Abstract
Historically, computer-aided design (CAD) and computer-aided engineering (CAE) have been developed on fundamentally different representation schemes, on the one hand side, continuous surfaces built on spline basis functions and stitched together in boundary representations discriminating the object’s solid interior from its exterior. On the other hand, finite elements discretizing the object and the respective partial differential equations that need to be solved when simulating physical phenomena. A transition between these representation forms entails many practical issues. Although meshing a CAD model into tetrahedra (short: tets) is considered a solved problem, there is no automatic way back from tets to a meaningful editable CAD model once the tet mesh has undergone topological changes, e.g. in the process of performing topology optimization.
This is not a new observation, the scientific community has recognized this problem years ago and come up with the concept of iso-geometric analysis (IGA) where geometry and analysis is being put on the same (iso) representation scheme: tri-variate splines in most of the cases. Parallel to tensor-product splines, subdivision schemes have been developed and used mostly in film and entertainment industry to model organic shapes because they overcome some of the inherit limitations of tensor-product surfaces, i.e. the ability to represent complex topology in one single control mesh, ultimately defining a watertight solid without the approximation issues implied by trimming spline models.

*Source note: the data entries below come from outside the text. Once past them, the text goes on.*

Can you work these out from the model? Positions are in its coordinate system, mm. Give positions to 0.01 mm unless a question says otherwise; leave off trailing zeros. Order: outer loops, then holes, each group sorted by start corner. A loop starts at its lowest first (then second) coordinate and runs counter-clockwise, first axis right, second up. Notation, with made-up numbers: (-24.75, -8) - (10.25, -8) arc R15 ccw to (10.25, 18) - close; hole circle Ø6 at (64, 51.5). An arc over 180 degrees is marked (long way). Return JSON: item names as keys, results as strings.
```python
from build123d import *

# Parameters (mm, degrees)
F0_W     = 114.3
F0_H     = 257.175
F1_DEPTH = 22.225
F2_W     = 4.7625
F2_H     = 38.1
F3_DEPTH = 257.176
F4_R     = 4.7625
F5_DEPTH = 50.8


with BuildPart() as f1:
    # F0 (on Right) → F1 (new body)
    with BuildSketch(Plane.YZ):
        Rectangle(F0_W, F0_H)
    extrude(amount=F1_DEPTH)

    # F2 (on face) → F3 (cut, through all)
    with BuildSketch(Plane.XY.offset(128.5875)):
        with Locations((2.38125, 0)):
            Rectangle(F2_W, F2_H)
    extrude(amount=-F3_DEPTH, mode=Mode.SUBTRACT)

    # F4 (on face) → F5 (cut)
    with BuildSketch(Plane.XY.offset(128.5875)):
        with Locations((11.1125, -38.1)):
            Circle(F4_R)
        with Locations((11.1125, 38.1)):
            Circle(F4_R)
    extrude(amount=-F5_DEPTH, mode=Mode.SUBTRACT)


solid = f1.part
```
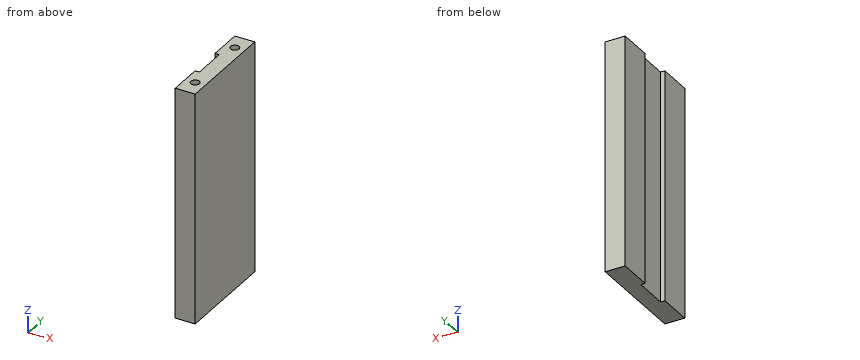
1. For pin 1 Ø5 at (x, y) = (9, -38.5) entering from +Z; pin 2 Ø19 at (y, z) = (-2, -28) entering from -X, each with a flat end and sliding along its axis, tell me the tip position at first contact or that it passes through.
Checks:
{"pin 1": "z = 77.79", "pin 2": "x = 4.76"}
2. Suppose I cut it at C-C (x = 11). List the corners of the cut face in (y, z) for me, plus the area to 3 significant figures.
Checks:
{"outline": "(-57.15, -128.59) - (57.15, -128.59) - (57.15, 128.59) - (42.86, 128.59) - (42.86, 77.79) - (33.34, 77.79) - (33.34, 128.59) - (-33.34, 128.59) - (-33.34, 77.79) - (-42.86, 77.79) - (-42.86, 128.59) - (-57.15, 128.59) - close", "area": "28,400 mm^2"}
3. If I drill on L1, parallel to X at y = 38, z = 107 (3 decimals); L2, parallel to Y at x = 1.25, z = 107; L3, parallel to X at y = 11.5, z = -27 (1 decimal), over which ranges is the centre line in solid material (lowest first)? Write a range as [from, to].
Checks:
{"L1": "[0, 6.351], [15.874, 22.225]", "L2": "[-57.15, -19.05], [19.05, 57.15]", "L3": "[4.8, 22.2]"}
4. Suppose I cut it at D-D (y = -8). List the corners of the cut face in (x, z) for me (1 decimal), plus the area to 3 significant figures.
Checks:
{"outline": "(4.8, -128.6) - (22.2, -128.6) - (22.2, 128.6) - (4.8, 128.6) - close", "area": "4,490 mm^2"}
```python
from build123d import *

# Parameters (mm, degrees)
F0_R          = 90
F0_R_2        = 25
F1_DEPTH      = 30
F0_R_3        = 7.5
F2_DEPTH      = 35
F3_R          = 14.99999
F4_DEPTH      = 5
F5_DEPTH      = 15
F5_DEPTH_BACK = 45


# Not quite as in the source:
# - a fillet or chamfer is up to 0.001 mm smaller than in the source, because OpenCascade refuses the exact size


with BuildPart() as f1:
    # F0 (on Front) → F1 (new body)
    with BuildSketch(Plane.XZ):
        Circle(F0_R)
        Circle(F0_R_2, mode=Mode.SUBTRACT)
    extrude(amount=F1_DEPTH)

    # F0 (on Front) → F2 (join)
    with BuildSketch(Plane.XZ):
        Circle(F0_R_2)
        Circle(F0_R_3, mode=Mode.SUBTRACT)
    extrude(amount=F2_DEPTH)

    # F3 (radius 15 in the source; OpenCascade refuses exactly that, so slightly less here)
    f3_edges = [f1.edges().sort_by_distance(p)[0] for p in [
        (-90, -30, 0),
        (-90, 0, 0),
    ]]
    fillet(f3_edges, radius=F3_R)

    # F0 (on Front) → F4 (join)
    with BuildSketch(Plane.XZ):
        Circle(F0_R_2)
        Circle(F0_R_3, mode=Mode.SUBTRACT)
    extrude(amount=-F4_DEPTH)

    # F0 (on Front) → F5 (join, two sides)
    with BuildSketch(Plane.XZ) as f5_sk:
        Circle(F0_R_3)
    extrude(amount=-F5_DEPTH)
    extrude(f5_sk.sketch, amount=F5_DEPTH_BACK)


solid = f1.part
```
The listing builds one solid part. Answer for the finished solid, in the listing's coordinates (mm). A direction names the side the tool comes from. Give positions to 0.01 mm unless a question says otherwise; leave off trailing zeros. Order: outer loops, then holes, each group sorted by start corner. A loop starts at its lowest first (then second) coordinate and runs counter-clockwise, first axis right, second up. Notation, with made-up numbers: (11.25, 53.25) -> (39.25, 53.25) arc R16 cw to (39.25, 68.25) -> close; hole circle Ø6 at (64.5, 46.5). An arc over 180 degrees is marked (long way). Answer as a JSON object with one key per item and string values. Group by question number.
Item 1: A tool of negligible diameter and unlimited length cuts with its end or side. For faces 1 (the flat face through (-6, -35, -5)), 2 (the cylindrical face through (-7.493, 9.93, 0.33)), 3 (the flat face through (0, -45, 0)), from which of +Z, -Z, +X, -X, +Y, -Y can it reach the whole face along a straight path? Write none if from no direction.
Item 2: Flat-ended cylindrical pins translate along their axes: pin 1 (12 mm diameter, centred on x = -3.5, z = 55, fed in from +Y); pin 2 (1 mm diameter, centred on x = -49.5, y = -4.5, fed in from -Z); pin 3 (1.5 mm diameter, centred on x = 37.5, y = 2.5, fed in from +Z); pin 4 (4 mm diameter, centred on y = -5, z = -13.5, fed in from -X). Find the tip coordinate at first contact, or state that the pin passes through.
Item 3: Consider L1, parallel to Y at x = 46.5, z = 43.5; L2, parallel to Y at x = 18.5, z = 5; L3, parallel to Z at x = 16, y = 4. Determine where each line is inside the solid, lowest interval first. Write a range as from..to.
Item 4: The part is cut by section D-D on y = -22. Write down the section's boundary in (x, z).
Item 5: The part is cut by section C-C on y = -11. Write down the section's boundary in (x, z), and give its area (3 significant figures).
Result set:
{
 "1": {"face 1": "-Y", "face 2": "+Y", "face 3": "+Z, -Z, +X, -X, -Y"},
 "2": {"pin 1": "y = 0", "pin 2": "z = -70.65", "pin 3": "through", "pin 4": "x = -86.68"},
 "3": {"L1": "-30..0", "L2": "-35..5", "L3": "-19.21..19.21"},
 "4": {"outline": "circle Ø176.53 at (0, 0)"},
 "5": {"outline": "circle Ø178.91 at (0, 0)", "area": "25,100 mm²"}
}

However, IGA based on subdivision currently is largely limited to subdivision surfaces (shell elements), where it has already shown its benefits. IGA based on subdivision solids is far less explored. This talk will discuss and present subdivision solids as an approach to IGA for objects that do not only consist of a single material but for objects with graded properties as can be manufactured with modern multi-material 3D printing technology.
André Stork studierte Informatik in Darmstadt und promovierte 2000 an der TU Darmstadt. Der Titel seiner Dissertation lautete »Effiziente 3D-Interaktions- und Visualisierungstechniken für benutzerzentrierte Modellierungssysteme«. Im September 2010 verlieh die Technische Universität Darmstadt ihm die Honorarprofessur.
André Stork ist seit 1994 am Fraunhofer-Institut für Graphische Datenverarbeitung beschäftigt; zunächst als wissenschaftlicher Mitarbeiter und seit Anfang 2002 als Leiter der Abteilung für Industrielle Anwendungen (heute: Interaktive Engineering Technologien). Die Abteilung entwickelt innovative Lösungen rund um den virtuellen Produktentwicklungsprozess und adressiert Themen wie Datenkonvertierung, Modellierung (geometrische, mesh-basierte), CAD-CAE-Prozessintegration, Simulation/ Optimierung und interaktive Visualisierung, Kooperationsunterstützung und semantische Informationsverarbeitung. Insbesondere erforscht die Abteilung für die sich rasant verbreitende Technologie des 3D-Drucks bzw. des additiven Fertigens neuartige Konzepte für geometrische Modellierung und Simulation, um das volle Potenzial besser ausschöpfen zu können.